Unfortunately, Communicator will not attempt to connect to ocspool.contoso.local for the someone in the contoso.com SIP domain. (To be more correct, it will connect to ocspool.contoso.local if that name is provided by group policy or configured manually in Communicator. It is only considered invalid for the purposes of automatic configuration.)
Additionally, creating these records in your external DNS for internal clients will reveal something about your internal addressing to the outside world. Most security folk consider this a “no-no.”
For these reasons, I generally say that split-brain DNS is required to enable the automatic configuration of Communicator to work properly for both internal use (where Communicator should find a director or pool server) and external use (where Communicator should find your Access Edge). For many of my customers, this has not been a problem. They have already been resolving some form of their public name internally already.
For the customers that don’t already have split-brain DNS implemented, it is a big leap for them to begin resolving their external domain internally. To suggest that Contoso should suddenly put the DNS zone contoso.com on their internal DNS servers simply to accommodate an OCS deployment will likely get you laughed out of the room.
A more reasonable suggestion is to create what I’ll call two “pinpoint” DNS zones. These are internal zones that will resolve just the names that we want for automatic configuration. All other names in their external DNS domain will be unaffected.
To implement this for Contoso, we would create a zone “_sipinternaltls._tcp.contoso.com” and zone “sip.contoso.com.” Notice that these are two zones – not two records in one “contoso.com” zone. A zone is a name resolution boundary in the hierarchical DNS namespace. By configuring the internal DNS server to be authoritative only for these two names, clients will continue resolving other names in the contoso.com domain as they always have.
Coincidentally, over on his blog, Geoff Clark has just suggested the same thing.

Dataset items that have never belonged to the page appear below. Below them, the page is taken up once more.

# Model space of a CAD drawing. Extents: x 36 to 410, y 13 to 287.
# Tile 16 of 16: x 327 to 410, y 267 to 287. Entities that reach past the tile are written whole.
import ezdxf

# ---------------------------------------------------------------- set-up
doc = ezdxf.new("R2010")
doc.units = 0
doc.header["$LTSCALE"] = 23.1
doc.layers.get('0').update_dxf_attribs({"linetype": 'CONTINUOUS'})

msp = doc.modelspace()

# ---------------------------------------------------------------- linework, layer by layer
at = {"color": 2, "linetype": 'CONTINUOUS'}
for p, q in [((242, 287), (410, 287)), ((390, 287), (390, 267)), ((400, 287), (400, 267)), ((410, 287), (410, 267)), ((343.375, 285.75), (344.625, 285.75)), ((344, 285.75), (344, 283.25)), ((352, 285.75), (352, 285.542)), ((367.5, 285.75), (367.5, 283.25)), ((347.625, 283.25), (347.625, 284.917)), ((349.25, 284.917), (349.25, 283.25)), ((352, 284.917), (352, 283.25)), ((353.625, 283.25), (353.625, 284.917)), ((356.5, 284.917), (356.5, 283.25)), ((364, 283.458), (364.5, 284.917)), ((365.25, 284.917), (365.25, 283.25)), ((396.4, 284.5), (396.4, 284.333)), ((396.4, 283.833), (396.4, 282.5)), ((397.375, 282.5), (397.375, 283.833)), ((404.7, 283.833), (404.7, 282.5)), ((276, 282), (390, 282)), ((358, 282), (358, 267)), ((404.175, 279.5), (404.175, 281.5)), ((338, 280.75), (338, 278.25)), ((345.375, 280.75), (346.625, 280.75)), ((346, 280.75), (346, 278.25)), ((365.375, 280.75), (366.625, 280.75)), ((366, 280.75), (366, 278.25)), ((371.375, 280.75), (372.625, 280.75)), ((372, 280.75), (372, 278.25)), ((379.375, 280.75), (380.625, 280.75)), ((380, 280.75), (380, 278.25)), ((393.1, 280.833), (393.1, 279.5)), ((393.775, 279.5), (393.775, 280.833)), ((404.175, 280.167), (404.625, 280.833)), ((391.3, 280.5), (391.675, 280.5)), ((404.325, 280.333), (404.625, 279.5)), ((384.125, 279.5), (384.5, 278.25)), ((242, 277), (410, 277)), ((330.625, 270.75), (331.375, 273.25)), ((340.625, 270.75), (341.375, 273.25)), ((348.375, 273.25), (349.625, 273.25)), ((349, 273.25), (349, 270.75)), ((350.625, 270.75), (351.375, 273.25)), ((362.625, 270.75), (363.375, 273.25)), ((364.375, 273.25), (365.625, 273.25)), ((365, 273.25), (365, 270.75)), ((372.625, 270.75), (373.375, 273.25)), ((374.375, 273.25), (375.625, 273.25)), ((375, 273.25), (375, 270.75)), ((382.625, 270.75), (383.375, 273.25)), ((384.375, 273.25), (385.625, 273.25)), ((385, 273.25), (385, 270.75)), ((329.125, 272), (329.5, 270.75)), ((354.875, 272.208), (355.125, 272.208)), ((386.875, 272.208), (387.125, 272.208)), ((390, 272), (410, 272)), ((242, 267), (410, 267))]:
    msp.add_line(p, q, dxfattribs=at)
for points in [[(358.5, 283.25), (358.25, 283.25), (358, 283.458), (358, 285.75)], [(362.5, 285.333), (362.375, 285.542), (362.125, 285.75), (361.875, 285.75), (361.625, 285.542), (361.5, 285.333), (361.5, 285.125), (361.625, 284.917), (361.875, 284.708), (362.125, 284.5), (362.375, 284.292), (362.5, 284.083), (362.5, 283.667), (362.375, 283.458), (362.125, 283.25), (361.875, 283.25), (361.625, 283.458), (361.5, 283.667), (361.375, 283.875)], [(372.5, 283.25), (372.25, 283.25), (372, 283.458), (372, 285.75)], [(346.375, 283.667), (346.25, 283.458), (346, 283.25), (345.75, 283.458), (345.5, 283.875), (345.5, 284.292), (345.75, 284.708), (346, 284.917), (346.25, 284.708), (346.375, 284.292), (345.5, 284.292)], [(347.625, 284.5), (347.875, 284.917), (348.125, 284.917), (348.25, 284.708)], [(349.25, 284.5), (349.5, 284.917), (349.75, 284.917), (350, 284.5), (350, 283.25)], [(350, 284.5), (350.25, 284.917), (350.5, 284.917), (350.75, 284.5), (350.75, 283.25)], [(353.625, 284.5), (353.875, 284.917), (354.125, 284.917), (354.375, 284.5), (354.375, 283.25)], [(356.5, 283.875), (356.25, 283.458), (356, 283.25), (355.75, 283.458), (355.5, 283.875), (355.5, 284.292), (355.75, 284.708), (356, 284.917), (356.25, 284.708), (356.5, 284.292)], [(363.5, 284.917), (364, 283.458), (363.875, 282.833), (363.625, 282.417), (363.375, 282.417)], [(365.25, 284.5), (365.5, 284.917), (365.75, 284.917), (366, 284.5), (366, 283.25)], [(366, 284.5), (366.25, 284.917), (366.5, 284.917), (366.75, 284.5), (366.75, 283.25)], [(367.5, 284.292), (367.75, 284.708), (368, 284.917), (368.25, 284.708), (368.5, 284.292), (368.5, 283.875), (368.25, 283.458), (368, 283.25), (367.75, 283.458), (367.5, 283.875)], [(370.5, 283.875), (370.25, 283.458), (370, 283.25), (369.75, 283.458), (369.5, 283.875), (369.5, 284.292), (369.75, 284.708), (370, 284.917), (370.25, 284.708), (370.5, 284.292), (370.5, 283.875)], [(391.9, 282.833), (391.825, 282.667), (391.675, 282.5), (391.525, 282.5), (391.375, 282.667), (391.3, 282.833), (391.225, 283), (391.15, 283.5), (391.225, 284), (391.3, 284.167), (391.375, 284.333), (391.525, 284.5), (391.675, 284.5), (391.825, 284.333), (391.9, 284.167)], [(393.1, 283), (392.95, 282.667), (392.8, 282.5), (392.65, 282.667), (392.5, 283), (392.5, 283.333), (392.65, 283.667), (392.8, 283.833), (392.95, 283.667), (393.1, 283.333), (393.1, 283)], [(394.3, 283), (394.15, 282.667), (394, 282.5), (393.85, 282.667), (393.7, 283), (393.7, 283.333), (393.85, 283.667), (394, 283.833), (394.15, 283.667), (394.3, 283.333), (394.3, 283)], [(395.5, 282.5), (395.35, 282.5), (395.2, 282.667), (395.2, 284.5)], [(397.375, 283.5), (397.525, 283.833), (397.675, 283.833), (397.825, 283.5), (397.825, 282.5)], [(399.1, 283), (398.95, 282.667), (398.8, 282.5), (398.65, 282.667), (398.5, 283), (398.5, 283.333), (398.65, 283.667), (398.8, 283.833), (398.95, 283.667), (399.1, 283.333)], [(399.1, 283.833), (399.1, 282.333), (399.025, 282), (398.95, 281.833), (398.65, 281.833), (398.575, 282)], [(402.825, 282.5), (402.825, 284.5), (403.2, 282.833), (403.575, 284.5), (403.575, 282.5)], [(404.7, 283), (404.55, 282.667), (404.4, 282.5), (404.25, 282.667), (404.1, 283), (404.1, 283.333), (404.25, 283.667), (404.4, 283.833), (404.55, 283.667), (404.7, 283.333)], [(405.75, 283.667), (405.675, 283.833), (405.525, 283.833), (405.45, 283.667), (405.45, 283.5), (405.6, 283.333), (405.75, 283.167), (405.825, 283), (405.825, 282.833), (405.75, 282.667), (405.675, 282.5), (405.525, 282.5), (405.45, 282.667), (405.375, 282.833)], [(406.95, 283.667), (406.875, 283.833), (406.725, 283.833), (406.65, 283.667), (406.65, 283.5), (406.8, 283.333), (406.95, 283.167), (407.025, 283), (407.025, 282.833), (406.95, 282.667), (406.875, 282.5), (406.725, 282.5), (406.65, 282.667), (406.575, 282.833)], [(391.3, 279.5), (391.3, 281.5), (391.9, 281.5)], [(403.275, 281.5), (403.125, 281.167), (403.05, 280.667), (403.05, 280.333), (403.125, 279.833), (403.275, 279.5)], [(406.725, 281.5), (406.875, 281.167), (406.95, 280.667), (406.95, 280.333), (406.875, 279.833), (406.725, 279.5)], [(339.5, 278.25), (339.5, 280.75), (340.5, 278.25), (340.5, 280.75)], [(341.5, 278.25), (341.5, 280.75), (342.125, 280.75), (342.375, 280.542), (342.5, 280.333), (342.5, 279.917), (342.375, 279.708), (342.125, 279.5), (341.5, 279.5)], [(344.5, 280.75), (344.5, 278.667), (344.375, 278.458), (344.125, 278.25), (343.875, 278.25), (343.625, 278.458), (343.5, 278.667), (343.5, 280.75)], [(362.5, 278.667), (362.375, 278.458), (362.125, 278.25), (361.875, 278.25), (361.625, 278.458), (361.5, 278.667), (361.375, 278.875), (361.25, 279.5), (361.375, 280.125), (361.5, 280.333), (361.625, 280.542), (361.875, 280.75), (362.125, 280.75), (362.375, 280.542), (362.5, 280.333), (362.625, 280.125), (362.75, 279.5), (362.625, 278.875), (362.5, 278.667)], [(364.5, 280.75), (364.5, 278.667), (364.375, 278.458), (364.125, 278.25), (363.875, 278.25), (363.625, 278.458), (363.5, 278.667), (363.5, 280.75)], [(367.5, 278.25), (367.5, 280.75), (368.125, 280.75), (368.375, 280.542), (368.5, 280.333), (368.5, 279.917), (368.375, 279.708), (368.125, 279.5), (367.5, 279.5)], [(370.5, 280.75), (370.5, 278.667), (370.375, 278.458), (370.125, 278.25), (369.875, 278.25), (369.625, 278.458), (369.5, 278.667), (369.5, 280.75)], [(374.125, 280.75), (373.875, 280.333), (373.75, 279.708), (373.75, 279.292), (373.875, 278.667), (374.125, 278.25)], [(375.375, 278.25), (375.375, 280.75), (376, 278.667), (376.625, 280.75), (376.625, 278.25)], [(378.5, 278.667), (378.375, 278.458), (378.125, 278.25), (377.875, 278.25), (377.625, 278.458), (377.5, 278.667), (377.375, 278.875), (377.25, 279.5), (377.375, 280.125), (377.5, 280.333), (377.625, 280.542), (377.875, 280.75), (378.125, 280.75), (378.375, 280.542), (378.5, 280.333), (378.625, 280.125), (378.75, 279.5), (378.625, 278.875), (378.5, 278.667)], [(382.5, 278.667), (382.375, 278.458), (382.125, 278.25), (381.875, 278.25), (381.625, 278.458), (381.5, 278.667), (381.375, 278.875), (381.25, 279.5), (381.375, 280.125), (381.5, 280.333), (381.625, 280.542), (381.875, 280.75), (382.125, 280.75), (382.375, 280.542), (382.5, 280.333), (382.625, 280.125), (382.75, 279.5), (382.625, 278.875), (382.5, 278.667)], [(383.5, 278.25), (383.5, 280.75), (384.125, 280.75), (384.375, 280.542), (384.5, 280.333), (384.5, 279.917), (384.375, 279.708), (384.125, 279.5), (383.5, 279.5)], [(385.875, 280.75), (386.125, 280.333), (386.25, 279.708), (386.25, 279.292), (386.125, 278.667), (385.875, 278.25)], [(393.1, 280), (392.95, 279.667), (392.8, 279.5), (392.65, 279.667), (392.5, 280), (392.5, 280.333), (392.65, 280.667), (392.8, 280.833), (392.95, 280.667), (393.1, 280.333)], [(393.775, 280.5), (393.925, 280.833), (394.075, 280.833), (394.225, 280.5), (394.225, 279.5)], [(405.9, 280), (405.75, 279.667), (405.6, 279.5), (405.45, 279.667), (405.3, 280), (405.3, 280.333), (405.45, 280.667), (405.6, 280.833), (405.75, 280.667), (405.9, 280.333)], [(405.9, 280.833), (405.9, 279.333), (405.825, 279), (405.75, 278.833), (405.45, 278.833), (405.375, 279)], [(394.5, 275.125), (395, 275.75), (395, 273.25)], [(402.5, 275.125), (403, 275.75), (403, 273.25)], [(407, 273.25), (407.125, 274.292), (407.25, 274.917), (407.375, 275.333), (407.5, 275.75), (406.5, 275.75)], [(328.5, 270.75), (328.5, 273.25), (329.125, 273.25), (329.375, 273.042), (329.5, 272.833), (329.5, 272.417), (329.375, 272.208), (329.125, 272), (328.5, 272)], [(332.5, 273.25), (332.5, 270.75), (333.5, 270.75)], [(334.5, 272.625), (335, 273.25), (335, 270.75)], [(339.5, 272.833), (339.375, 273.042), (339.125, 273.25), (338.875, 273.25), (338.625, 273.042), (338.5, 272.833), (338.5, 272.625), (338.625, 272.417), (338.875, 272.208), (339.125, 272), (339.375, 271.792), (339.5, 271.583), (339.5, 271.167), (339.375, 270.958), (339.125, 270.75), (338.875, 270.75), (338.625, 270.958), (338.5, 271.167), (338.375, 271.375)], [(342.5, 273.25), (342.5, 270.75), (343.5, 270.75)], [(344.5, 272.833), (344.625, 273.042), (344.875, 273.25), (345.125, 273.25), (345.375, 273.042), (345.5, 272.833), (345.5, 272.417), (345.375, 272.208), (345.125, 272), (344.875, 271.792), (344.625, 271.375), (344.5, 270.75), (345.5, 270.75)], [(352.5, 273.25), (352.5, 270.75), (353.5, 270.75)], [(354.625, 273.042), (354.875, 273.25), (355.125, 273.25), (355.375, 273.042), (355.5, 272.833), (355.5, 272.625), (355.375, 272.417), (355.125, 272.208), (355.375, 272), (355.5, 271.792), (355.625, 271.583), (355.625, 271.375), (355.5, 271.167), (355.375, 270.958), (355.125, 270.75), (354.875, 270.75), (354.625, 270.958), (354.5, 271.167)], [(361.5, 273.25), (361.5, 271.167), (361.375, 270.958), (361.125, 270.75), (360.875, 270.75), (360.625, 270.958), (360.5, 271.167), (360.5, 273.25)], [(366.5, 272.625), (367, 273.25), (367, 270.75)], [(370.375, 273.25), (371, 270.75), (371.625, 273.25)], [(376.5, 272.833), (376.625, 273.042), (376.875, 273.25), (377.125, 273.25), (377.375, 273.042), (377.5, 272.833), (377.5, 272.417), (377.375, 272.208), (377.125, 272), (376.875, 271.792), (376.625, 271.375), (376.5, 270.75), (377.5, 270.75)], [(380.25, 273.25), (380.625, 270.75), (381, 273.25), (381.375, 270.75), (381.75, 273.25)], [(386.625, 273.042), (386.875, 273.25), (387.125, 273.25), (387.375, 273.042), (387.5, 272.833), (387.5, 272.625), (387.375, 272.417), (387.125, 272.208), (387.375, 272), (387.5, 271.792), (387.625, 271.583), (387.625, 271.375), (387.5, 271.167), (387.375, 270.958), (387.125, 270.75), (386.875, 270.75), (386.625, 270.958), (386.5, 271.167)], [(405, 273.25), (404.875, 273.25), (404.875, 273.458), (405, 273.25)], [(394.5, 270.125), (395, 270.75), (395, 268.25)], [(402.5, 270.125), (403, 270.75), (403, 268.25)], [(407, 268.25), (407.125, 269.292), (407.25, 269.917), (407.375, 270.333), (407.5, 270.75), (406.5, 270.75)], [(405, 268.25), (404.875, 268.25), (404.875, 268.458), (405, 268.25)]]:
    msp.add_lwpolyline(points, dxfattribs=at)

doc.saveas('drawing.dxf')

He describes the problem and suggests the same solution but shows a method of creating the zone on a Windows DNS server via the DNS management console. Unfortunately, there is a limitation in the management console that is not present in the underlying Windows DNS implementation. This limitation required Geoff to create the zone as “_tcp.contoso.com” when what we would really like is a zone named “_sipinternaltls._tcp.contoso.com.”
This limitation in the user interface can be resolved by creating the zones and the records using the Dnscmd command line tool. For Contoso, here are the required commands:
dnscmd . /zoneadd _sipinternaltls._tcp.contoso.com. /dsprimary
dnscmd . /recordadd _sipinternaltls._tcp.contoso.com. @ SRV 0 0 5061 sip.contoso.com.
dnscmd . /zoneadd sip.contoso.com. /dsprimary
dnscmd . /recordadd sip.contoso.com. @ A 172.16.45.12
Of course, you’ll need to make the appropriate changes for your environment. If you are not running the command on your Windows DNS server, you will need to replace the first dot with your server name. You may also prefer a different zone type than “dsprimary.” If so, change the zoneadd commands appropriately. I doubt that your pool’s IP address is the same as my example but, if you have followed me this far, you already know what to change there.
I hope this suggestion helps somebody. Please let me know by providing feedback.
This post has been brought to you by someone who disagreed with me and forced me to explain myself.